Слава Богу, уезжаем! Знать бы мне тогда, какие горькие мысли вихрем пронеслись в те минуты в голове у мамы, чего ей стоило принять именно такое решение?! Остаться здесь, в городе, с двумя детьми на руках, без работы - ее ведь наверняка уволили, без жилья - дом подлежал конфискации, раз семью выселяли? Отправиться на чужбину, в неизвестность, но с мужем, с которым едва-едва наладились отношения, своей первой и самой великой любовью? Наверное, именно любовь перевесила в сердце мамы страх перед неизвестностью. Мысли о справедливости пришли много позднее и были горьки и полны безысходности. Уже там...
Ночь. Длинный товарняк тронулся в путь на восток. Прощай, наш милый, славный городок, растянутый на километры вдоль изгиба Даугавы-реки, прощай, Шоколадная горка за городом, которую мы любили уже за одно ее название, старинный парк с таинственными каменными переходами в верхнюю часть, где столетие возвышался над тихим городом графский замок, окутанный легендами. Прощай, детство. Жизнь на чужбине... Какая-то она будет?
На этот вопрос ответа не было ни у кого. Дети жили надеждами, взрослые - страхами: у большинства на памяти война, гитлеровская эвакуация населения, Тогда на запад. Да на слуху - рассказы русских и белорусов, понаехавших в город на его восстановление и строительство, о том, что происходило в России в тридцать седьмом, тридцать девятом...
Поезд катил на восток, часто останавливаясь на запасных путях каких-то станций. Тогда же открывались двери, дежурные выносили парашу, а солдаты втаскивали деревянные ящики с брикетами угля для печки, воду для питья в железном бочонке и забирали опустевшую тару. А мама все-таки слегла. Она лежала вся в поту; часто стонала и, если засыпала, то ненадолго. Она вдруг вскакивала, хватала папу за руку и начинала бормотать:
- В Германию везут? А дети? Их тоже забрали?
А папа прижимал ее голову к груди и начинал укачивать, как ребенка:
- Не в Германию, милая, не в Германию. Немцы уже ушли, дав но ушли. Свои везут, в Сибирь. И девочки с нами, все хорошо. Спи, милая, спи. Все хорошо.
И она затихала. Но ненадолго, вскоре снова начинала метаться и стонать. В какой-то вечер, когда мама особенно громко кашляла, я взяла нашу Катю и тихонько подложила ее маме под бок - пусть и ее согреет, как согревала нас с Ядей каждую ночь. Когда утром мама проснулась и обнаружила куклу у себя под боком, она впервые за время поездки улыбнулась, подозвала нас, обняла и расцеловала.

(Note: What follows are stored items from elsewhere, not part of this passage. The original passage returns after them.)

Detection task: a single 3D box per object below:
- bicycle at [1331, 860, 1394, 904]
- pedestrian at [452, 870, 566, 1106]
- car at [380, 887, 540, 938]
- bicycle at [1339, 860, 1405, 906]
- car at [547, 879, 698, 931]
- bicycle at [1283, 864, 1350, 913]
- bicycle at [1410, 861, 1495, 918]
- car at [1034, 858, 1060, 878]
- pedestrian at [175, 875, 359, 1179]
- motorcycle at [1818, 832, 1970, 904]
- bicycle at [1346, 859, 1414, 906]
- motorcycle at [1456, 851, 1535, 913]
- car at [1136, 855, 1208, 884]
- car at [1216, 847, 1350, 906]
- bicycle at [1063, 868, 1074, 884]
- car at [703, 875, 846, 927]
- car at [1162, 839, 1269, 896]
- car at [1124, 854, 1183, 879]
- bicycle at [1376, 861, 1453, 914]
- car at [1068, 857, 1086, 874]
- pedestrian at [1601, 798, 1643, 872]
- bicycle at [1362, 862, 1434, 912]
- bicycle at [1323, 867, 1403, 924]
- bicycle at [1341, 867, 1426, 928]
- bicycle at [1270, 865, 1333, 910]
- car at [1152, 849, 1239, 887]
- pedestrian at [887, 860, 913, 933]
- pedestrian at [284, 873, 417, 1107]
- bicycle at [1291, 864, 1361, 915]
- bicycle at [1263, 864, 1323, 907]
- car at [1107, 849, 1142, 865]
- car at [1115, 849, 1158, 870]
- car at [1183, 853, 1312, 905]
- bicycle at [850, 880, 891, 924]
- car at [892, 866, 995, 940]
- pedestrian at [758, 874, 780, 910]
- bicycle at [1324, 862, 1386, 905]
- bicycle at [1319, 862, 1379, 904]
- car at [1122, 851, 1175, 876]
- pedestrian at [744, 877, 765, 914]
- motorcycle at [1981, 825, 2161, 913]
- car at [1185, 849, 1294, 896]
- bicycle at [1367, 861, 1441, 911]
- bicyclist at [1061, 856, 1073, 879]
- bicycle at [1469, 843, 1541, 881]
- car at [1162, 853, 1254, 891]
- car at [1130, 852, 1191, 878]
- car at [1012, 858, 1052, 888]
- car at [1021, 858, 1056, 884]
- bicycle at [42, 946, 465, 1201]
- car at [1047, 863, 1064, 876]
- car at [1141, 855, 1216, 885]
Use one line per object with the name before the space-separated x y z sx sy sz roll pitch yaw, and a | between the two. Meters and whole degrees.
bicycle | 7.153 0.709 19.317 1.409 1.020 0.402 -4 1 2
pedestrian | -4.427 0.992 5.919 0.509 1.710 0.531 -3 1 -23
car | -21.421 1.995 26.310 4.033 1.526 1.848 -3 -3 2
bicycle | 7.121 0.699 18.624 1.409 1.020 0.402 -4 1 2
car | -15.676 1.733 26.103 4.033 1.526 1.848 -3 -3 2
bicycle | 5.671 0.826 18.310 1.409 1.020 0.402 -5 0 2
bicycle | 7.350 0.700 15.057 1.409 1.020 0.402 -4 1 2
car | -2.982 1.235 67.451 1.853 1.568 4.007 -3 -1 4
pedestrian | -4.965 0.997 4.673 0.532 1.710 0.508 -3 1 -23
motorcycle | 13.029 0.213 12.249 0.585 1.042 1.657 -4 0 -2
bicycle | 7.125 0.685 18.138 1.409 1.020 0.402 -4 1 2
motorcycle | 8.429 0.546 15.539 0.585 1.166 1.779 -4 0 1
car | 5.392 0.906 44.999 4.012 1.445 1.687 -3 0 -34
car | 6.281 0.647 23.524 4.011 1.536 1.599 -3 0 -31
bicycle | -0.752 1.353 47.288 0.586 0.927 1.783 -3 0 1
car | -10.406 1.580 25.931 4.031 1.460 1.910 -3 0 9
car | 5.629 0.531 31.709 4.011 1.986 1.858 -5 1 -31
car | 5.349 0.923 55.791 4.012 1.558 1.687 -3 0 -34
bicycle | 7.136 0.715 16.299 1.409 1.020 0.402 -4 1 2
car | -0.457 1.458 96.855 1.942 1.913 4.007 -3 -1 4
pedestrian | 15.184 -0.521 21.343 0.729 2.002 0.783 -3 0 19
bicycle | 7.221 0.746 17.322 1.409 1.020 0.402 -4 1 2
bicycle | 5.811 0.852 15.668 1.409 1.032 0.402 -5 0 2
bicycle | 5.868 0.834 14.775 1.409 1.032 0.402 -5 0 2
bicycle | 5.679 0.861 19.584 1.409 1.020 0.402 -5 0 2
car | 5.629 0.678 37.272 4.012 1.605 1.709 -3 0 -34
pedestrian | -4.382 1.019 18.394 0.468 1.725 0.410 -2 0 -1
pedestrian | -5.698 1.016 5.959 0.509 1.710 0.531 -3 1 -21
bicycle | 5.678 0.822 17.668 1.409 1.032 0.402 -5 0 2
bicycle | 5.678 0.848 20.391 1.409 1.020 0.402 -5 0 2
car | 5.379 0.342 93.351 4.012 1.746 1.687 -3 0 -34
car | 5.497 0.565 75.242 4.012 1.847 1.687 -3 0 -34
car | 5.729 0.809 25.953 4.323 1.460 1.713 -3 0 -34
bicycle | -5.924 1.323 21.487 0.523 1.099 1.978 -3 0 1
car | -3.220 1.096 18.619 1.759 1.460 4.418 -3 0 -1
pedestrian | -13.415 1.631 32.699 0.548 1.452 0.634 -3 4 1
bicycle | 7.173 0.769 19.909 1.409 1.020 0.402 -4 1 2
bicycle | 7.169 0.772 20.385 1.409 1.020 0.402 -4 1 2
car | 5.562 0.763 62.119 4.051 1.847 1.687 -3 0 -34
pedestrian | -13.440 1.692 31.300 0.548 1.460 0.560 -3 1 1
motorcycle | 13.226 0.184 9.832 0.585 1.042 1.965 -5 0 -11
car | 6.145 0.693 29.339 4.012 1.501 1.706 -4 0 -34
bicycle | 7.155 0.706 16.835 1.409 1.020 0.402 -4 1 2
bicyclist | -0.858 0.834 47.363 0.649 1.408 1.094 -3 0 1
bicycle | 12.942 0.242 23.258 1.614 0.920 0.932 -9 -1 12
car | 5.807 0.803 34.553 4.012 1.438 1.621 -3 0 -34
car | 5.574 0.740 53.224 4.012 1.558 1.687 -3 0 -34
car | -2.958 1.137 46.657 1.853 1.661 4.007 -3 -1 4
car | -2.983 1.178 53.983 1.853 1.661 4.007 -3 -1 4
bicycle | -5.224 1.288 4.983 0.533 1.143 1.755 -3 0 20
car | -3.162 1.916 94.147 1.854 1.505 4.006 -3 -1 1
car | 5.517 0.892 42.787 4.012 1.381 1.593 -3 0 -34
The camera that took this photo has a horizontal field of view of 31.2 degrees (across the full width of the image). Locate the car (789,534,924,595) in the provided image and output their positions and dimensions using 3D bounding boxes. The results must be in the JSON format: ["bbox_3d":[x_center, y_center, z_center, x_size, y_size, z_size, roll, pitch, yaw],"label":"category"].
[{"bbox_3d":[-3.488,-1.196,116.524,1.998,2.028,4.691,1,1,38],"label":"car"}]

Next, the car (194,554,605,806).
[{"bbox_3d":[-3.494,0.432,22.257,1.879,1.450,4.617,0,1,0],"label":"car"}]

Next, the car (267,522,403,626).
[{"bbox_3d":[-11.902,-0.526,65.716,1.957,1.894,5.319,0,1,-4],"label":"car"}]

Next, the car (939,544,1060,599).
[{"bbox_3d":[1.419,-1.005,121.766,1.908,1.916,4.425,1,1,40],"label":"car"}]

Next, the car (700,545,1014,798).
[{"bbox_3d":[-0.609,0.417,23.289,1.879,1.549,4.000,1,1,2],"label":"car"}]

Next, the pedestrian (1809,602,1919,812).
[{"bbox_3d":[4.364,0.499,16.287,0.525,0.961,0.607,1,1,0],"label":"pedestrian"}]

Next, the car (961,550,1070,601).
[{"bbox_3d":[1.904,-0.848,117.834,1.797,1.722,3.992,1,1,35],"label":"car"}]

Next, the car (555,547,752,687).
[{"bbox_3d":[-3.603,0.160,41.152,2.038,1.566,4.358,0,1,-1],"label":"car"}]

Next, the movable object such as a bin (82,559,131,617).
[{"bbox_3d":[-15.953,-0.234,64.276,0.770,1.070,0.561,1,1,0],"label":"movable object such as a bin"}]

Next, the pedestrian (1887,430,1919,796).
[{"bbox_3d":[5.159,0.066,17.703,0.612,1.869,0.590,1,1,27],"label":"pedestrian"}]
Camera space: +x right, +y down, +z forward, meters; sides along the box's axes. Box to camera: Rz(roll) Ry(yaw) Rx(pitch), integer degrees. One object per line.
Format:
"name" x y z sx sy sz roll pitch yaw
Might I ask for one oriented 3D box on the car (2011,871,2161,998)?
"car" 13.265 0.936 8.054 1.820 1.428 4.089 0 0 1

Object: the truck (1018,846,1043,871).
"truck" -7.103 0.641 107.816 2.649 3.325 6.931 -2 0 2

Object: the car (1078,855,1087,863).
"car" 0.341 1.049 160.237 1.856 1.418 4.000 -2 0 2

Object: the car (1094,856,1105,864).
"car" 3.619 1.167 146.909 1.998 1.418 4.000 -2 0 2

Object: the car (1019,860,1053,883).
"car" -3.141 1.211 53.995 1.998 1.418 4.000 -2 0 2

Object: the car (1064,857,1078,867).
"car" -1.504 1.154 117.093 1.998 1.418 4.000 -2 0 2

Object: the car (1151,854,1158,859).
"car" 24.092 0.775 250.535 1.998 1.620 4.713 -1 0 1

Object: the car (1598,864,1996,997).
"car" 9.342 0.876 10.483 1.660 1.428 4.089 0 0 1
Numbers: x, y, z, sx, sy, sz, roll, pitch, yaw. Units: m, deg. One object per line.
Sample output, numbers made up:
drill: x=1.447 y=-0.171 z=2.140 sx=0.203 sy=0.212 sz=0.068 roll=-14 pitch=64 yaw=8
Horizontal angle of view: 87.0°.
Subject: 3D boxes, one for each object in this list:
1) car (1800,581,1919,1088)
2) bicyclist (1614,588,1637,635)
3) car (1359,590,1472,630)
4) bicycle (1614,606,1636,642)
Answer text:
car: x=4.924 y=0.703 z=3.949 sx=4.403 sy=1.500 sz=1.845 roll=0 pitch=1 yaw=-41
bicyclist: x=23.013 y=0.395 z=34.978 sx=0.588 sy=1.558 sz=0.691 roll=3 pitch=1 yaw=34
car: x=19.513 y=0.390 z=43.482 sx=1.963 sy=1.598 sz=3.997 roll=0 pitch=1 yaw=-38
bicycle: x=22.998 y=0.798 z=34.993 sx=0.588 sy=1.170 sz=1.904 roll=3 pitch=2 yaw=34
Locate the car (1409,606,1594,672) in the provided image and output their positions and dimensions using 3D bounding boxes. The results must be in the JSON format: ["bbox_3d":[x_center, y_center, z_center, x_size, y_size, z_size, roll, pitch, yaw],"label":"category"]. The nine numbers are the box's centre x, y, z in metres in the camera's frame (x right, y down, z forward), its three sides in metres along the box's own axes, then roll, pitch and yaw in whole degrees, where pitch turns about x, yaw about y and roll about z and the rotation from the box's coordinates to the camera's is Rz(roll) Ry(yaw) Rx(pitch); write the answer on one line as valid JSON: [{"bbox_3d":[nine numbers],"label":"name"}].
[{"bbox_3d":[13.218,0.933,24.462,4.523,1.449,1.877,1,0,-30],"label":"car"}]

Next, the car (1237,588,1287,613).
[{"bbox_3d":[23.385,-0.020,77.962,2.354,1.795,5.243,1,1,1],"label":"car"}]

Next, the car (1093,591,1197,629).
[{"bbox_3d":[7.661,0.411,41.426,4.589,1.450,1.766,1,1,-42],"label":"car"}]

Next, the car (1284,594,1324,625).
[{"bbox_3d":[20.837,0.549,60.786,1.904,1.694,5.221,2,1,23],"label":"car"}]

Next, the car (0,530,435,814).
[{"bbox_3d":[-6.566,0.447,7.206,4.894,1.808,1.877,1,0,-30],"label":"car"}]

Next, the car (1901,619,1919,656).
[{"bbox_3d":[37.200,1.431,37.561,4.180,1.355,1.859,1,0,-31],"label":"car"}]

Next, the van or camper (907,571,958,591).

А слезы все текли и текли у нее по щекам, и Ядя все вытирала их стянутым с головы белым в горошек платком, каким нам повязывали головы на ночь, чтобы не надуло с угла, и чтобы чужие вши не переползли нам в волосы. С того дня мама медленно пошла на поправку, только теперь папа строго следил, чтобы она не приближалась ни к открытой двери, ни к окошку.